The Variance Inflation Factor, or VIF, gives a more targeted diagnostic for multicollinearity by measuring how much the variance of a coefficient is inflated because that predictor overlaps with the others in the model. Conceptually, it asks whether a variable is bringing in distinct information or whether much of what it contributes could already be reconstructed from the other predictors. A VIF close to 1 suggests very little overlap-driven inflation. As that value rises, it becomes a sign that the predictor is less independent from the rest of the model and that its coefficient may be less reliable as a stand-alone effect.

That makes VIF especially useful as a follow-up to the correlation matrix. The correlation matrix shows pairwise relationships, but VIF reflects the combined overlap structure of the full set of predictors. In other words, it is possible for no single pairwise correlation to look extreme while the broader set of variables still creates estimation instability. Using both tools together gives a stronger basis for deciding whether a simplified model would be cleaner and more interpretable.

Final Regression Model

Initial Regression Results
Success rate regressed on EPA per play, turnover rate, explosive play rate, and red zone success
Term Estimate Std. Error t value p value 95% CI Low 95% CI High
Intercept 0.394 0.033 11.769 <0.001 0.325 0.462
EPA per Play 0.383 0.053 7.164 <0.001 0.273 0.493
Turnover Rate 1.923 0.644 2.986 0.006 0.601 3.244
Explosive Play Rate -0.230 0.351 -0.655 0.518 -0.950 0.490
Red Zone Success 0.134 0.059 2.291 0.030 0.014 0.254
Final Regression Results
Explosive play rate removed after diagnosing overlap and multicollinearity
Term Estimate Std. Error t value p value 95% CI Low 95% CI High
Intercept 0.381 0.027 14.032 <0.001 0.326 0.437
EPA per Play 0.359 0.038 9.417 <0.001 0.281 0.437
Turnover Rate 1.840 0.625 2.944 0.006 0.560 3.120
Red Zone Success 0.136 0.058 2.354 0.026 0.018 0.255
Model Fit Comparison
Comparing overall model quality before and after removing overlap
Model R-squared Adjusted R-squared Residual Std. Error F Statistic Model p-value Observations
Initial Model 0.873 0.854 0.014 46.502 <0.001 32
Final Model 0.871 0.857 0.014 63.148 <0.001 32

The initial regression table shows how each predictor relates to First Down Success Rate when all four variables are included together. The estimate gives the direction and size of the relationship, the t value reflects the strength of the estimate relative to its uncertainty, and the p value indicates whether the coefficient appears statistically distinguishable from zero within the model.

The final regression table is more analytically useful because it reflects the version of the model after removing a variable that risked overlapping too heavily with broader efficiency measures. That makes the remaining coefficients easier to interpret as distinct drivers of offensive success. In this final setup, EPA per play stands in for overall offensive efficiency, turnover rate captures possession-ending or drive-damaging mistakes, and red zone success reflects whether an offense maintains execution quality in the most compressed part of the field.

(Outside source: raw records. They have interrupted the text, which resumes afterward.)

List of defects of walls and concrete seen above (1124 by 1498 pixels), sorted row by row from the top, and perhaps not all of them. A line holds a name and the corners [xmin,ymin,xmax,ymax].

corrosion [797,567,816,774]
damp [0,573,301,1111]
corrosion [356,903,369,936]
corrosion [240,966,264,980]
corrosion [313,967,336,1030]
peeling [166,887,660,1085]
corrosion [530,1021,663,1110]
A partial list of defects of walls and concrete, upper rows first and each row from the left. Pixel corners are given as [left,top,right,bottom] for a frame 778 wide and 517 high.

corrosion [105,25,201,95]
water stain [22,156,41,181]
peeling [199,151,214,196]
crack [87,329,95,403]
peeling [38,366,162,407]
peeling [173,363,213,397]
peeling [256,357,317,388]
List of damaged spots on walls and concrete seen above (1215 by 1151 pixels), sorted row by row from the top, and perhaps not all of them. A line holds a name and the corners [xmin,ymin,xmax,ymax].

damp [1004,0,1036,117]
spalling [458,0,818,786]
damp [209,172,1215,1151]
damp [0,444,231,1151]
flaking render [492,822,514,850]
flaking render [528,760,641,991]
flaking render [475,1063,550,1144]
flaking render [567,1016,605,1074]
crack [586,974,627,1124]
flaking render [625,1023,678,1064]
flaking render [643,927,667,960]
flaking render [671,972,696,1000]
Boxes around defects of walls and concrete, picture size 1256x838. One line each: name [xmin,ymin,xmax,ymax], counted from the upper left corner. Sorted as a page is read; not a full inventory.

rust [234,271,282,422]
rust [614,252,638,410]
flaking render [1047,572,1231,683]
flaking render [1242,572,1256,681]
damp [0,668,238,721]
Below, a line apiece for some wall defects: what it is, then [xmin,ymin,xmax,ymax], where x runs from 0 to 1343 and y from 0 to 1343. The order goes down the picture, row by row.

The model fit comparison is important because simplification alone is not automatically an improvement. What matters is whether the cleaner model preserves most of the explanatory power while improving interpretability. If the fit metrics remain strong after removing the overlapping variable, that supports the decision to favor the more parsimonious specification. In a regression setting, that is often the preferable result because it gives a model that is not only strong statistically, but also easier to explain in football terms.


Overall Summary

For this lab, I wanted to create a version of offensive performance that better reflects how football is actually played from snap to snap. That is why I used First Down Success Rate instead of something broader like total yards or total points. This metric focuses on whether an offense is consistently staying on schedule based on the demands of the situation. A 4-yard gain on first down is not spectacular, but it is still useful because it keeps the offense in a favorable rhythm and makes the next snap easier to manage. That kind of logic is built directly into this measure.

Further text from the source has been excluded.